The research of Lake Cerknica signifies one of the peaks of Valvasor’s scientific research. The drying up of the lake excited the imagination and provoked questions about the structure of the activity; that was the reason for the polymath’s intensive study. He was convinced that there was a system of five lakes in the hill called Slivnica, under the lake’s surface, which made its emptying and filling possible. On 14th December 1687 Janez Vajkard Valvasor was elected Fellow of the Royal Society of London and a part of his description of Lake Cerknica was read on that occasion. Edmund Halley, the world’s famous astronomer, did the experiment of the filling and emptying of Lake Cerknica. With his election Valvasor became the fourth member of the Society from the lands of the Austro-Hungarian Empire, and the first and only one from Slovenian lands. The report about Lake Cerknica and the procedure of casting metal objects that was used on the production of the Mary’s statue was published in Philosophical Transactions, London 1687, Number 191, and in Acta Eruditorum, Leipzig 1689 – the two oldest and at that time the most important scientific magazines.

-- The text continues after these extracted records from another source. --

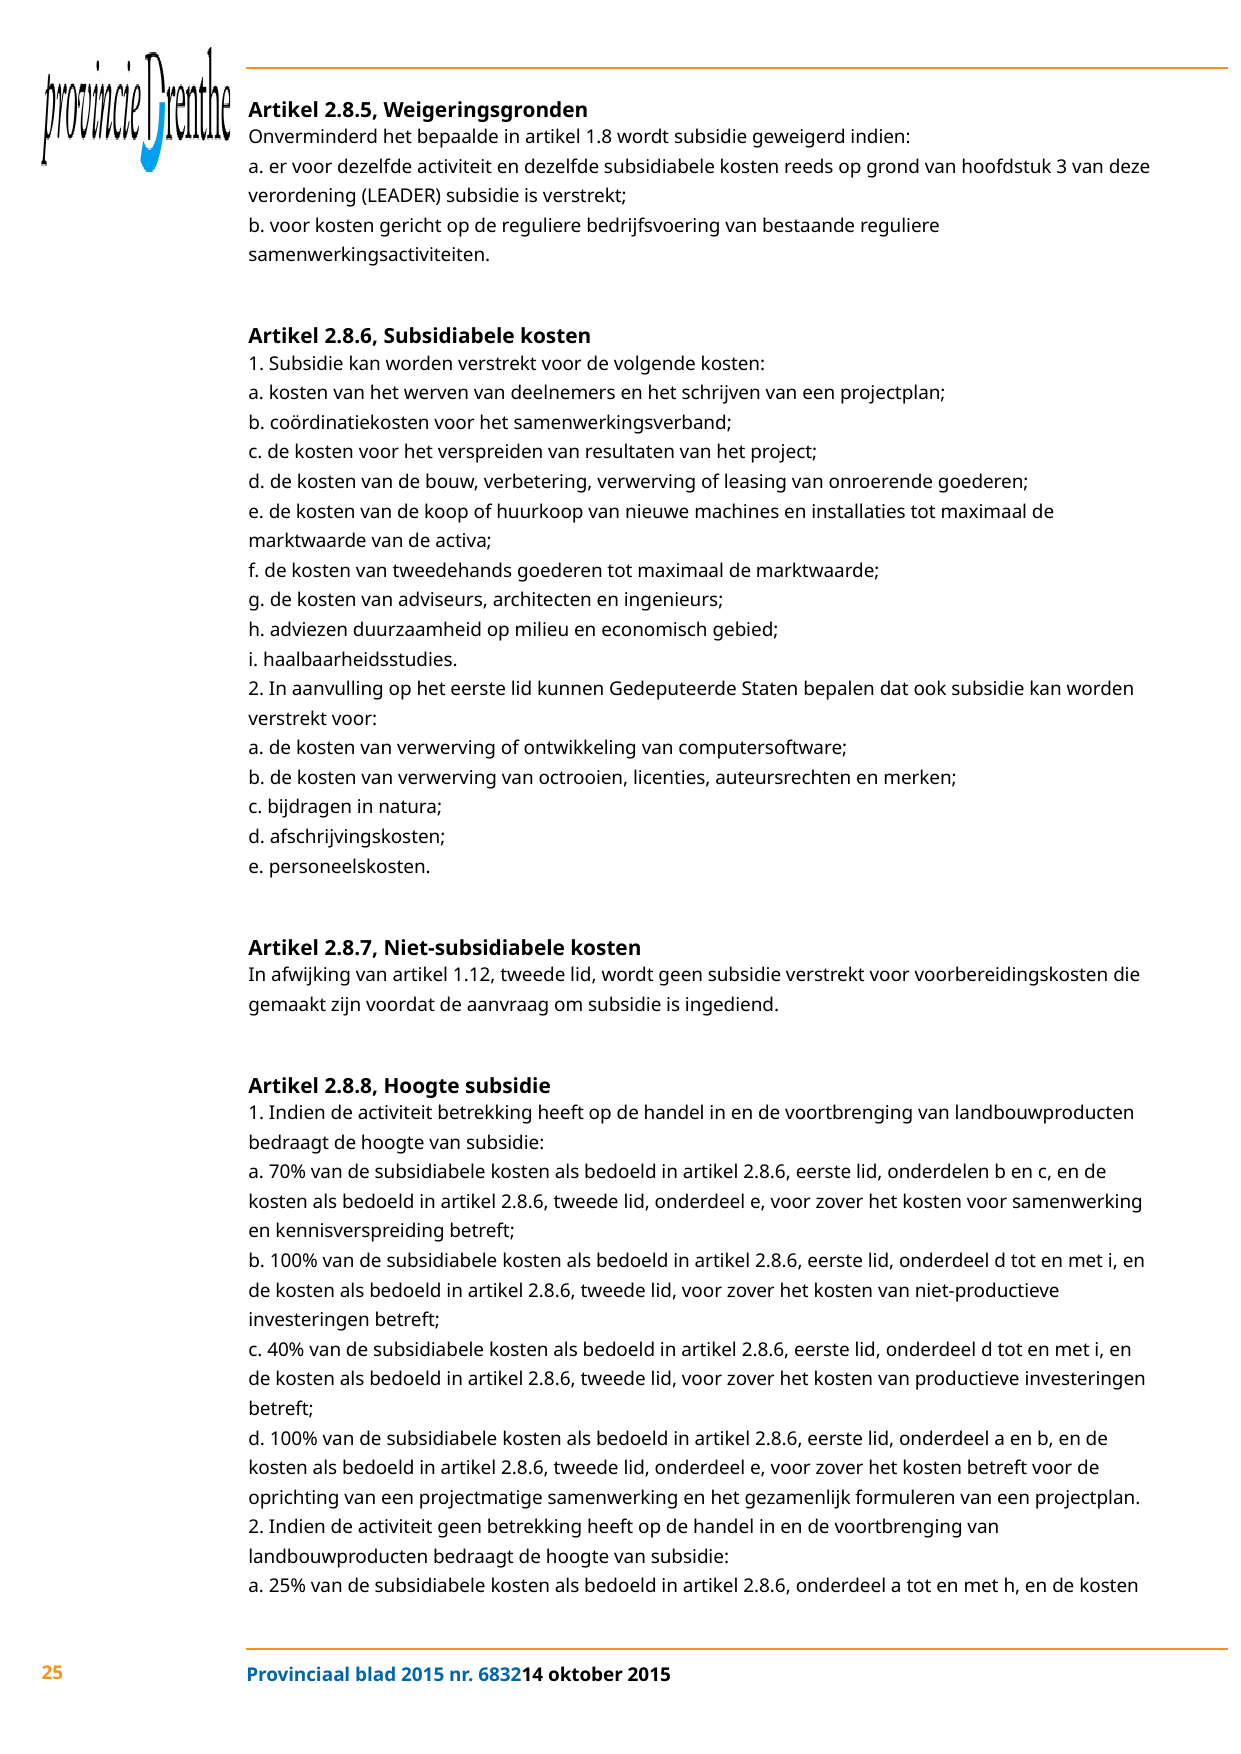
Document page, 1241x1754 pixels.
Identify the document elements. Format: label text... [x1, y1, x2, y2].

text 2. In aanvulling op het eerste lid kunnen Gedeputeerde Staten bepalen dat ook subsidie kan worden verstrekt voor: [248, 675, 1152, 731]
text d. afschrijvingskosten; [248, 823, 1152, 849]
text h. adviezen duurzaamheid op milieu en economisch gebied; [248, 616, 1152, 642]
text e. personeelskosten. [248, 853, 1152, 879]
text b. de kosten van verwerving van octrooien, licenties, auteursrechten en merken; [248, 764, 1152, 790]
text Artikel 2.8.8, Hoogte subsidie [248, 1071, 1152, 1099]
text a. er voor dezelfde activiteit en dezelfde subsidiabele kosten reeds op grond van hoofdstuk 3 van deze verordening (LEADER) subsidie is verstrekt; [248, 153, 1152, 208]
text i. haalbaarheidsstudies. [248, 646, 1152, 672]
text Onverminderd het bepaalde in artikel 1.8 wordt subsidie geweigerd indien: [248, 123, 1152, 149]
text Artikel 2.8.7, Niet-subsidiabele kosten [248, 933, 1152, 961]
text c. 40% van de subsidiabele kosten als bedoeld in artikel 2.8.6, eerste lid, onderdeel d tot en met i, en de kosten als bedoeld in artikel 2.8.6, tweede lid, voor zover het kosten van productieve investeringen betreft; [248, 1336, 1152, 1421]
text a. de kosten van verwerving of ontwikkeling van computersoftware; [248, 734, 1152, 760]
text g. de kosten van adviseurs, architecten en ingenieurs; [248, 587, 1152, 612]
text 1. Indien de activiteit betrekking heeft op de handel in en de voortbrenging van landbouwproducten bedraagt de hoogte van subsidie: [248, 1099, 1152, 1155]
text a. 25% van de subsidiabele kosten als bedoeld in artikel 2.8.6, onderdeel a tot en met h, en de kosten [248, 1573, 1152, 1598]
text d. 100% van de subsidiabele kosten als bedoeld in artikel 2.8.6, eerste lid, onderdeel a en b, en de kosten als bedoeld in artikel 2.8.6, tweede lid, onderdeel e, voor zover het kosten betreft voor de oprichting van een projectmatige samenwerking en het gezamenlijk formuleren van een projectplan. [248, 1425, 1152, 1510]
text In afwijking van artikel 1.12, tweede lid, wordt geen subsidie verstrekt voor voorbereidingskosten die gemaakt zijn voordat de aanvraag om subsidie is ingediend. [248, 961, 1152, 1017]
text c. bijdragen in natura; [248, 794, 1152, 819]
text a. 70% van de subsidiabele kosten als bedoeld in artikel 2.8.6, eerste lid, onderdelen b en c, en de kosten als bedoeld in artikel 2.8.6, tweede lid, onderdeel e, voor zover het kosten voor samenwerking en kennisverspreiding betreft; [248, 1158, 1152, 1243]
text 2. Indien de activiteit geen betrekking heeft op de handel in en de voortbrenging van landbouwproducten bedraagt de hoogte van subsidie: [248, 1513, 1152, 1569]
text c. de kosten voor het verspreiden van resultaten van het project; [248, 439, 1152, 464]
text b. voor kosten gericht op de reguliere bedrijfsvoering van bestaande reguliere samenwerkingsactiviteiten. [248, 212, 1152, 267]
text a. kosten van het werven van deelnemers en het schrijven van een projectplan; [248, 379, 1152, 405]
text b. 100% van de subsidiabele kosten als bedoeld in artikel 2.8.6, eerste lid, onderdeel d tot en met i, en de kosten als bedoeld in artikel 2.8.6, tweede lid, voor zover het kosten van niet-productieve investeringen betreft; [248, 1247, 1152, 1332]
text 1. Subsidie kan worden verstrekt voor de volgende kosten: [248, 350, 1152, 376]
picture [41, 47, 231, 172]
text b. coördinatiekosten voor het samenwerkingsverband; [248, 409, 1152, 435]
text e. de kosten van de koop of huurkoop van nieuwe machines en installaties tot maximaal de marktwaarde van de activa; [248, 498, 1152, 553]
text d. de kosten van de bouw, verbetering, verwerving of leasing van onroerende goederen; [248, 468, 1152, 494]
text f. de kosten van tweedehands goederen tot maximaal de marktwaarde; [248, 557, 1152, 583]
text Artikel 2.8.6, Subsidiabele kosten [248, 322, 1152, 350]
text Artikel 2.8.5, Weigeringsgronden [248, 95, 1152, 123]

In the year 1688 in Nuremberg, the bookseller was Wolfgang Moritz Endter, the Complete Topography of the Old and the Modern Archduchy of Carinthia – Topographia Archiducatus Carinthiae et modernae completa; was published, with 264 numbered sheets bound in a fourfold form. The preface is important because there is Valvasor’s dedication to the States of Carinthia. Among 227 images of the places (to which 4 are added) there is a large panorama of Klagenfurt and a map of the Carinthia. The edition cannot compare with the famous XIth Book of The Glory of The Duchy of Carniola.
The author’s main source was Annales Carinthiae, written by Hieronim Megisr and published in Leipzig in 1612.
In 1689 Valvasor finally published his life’s work and reached the highest point of his creativity.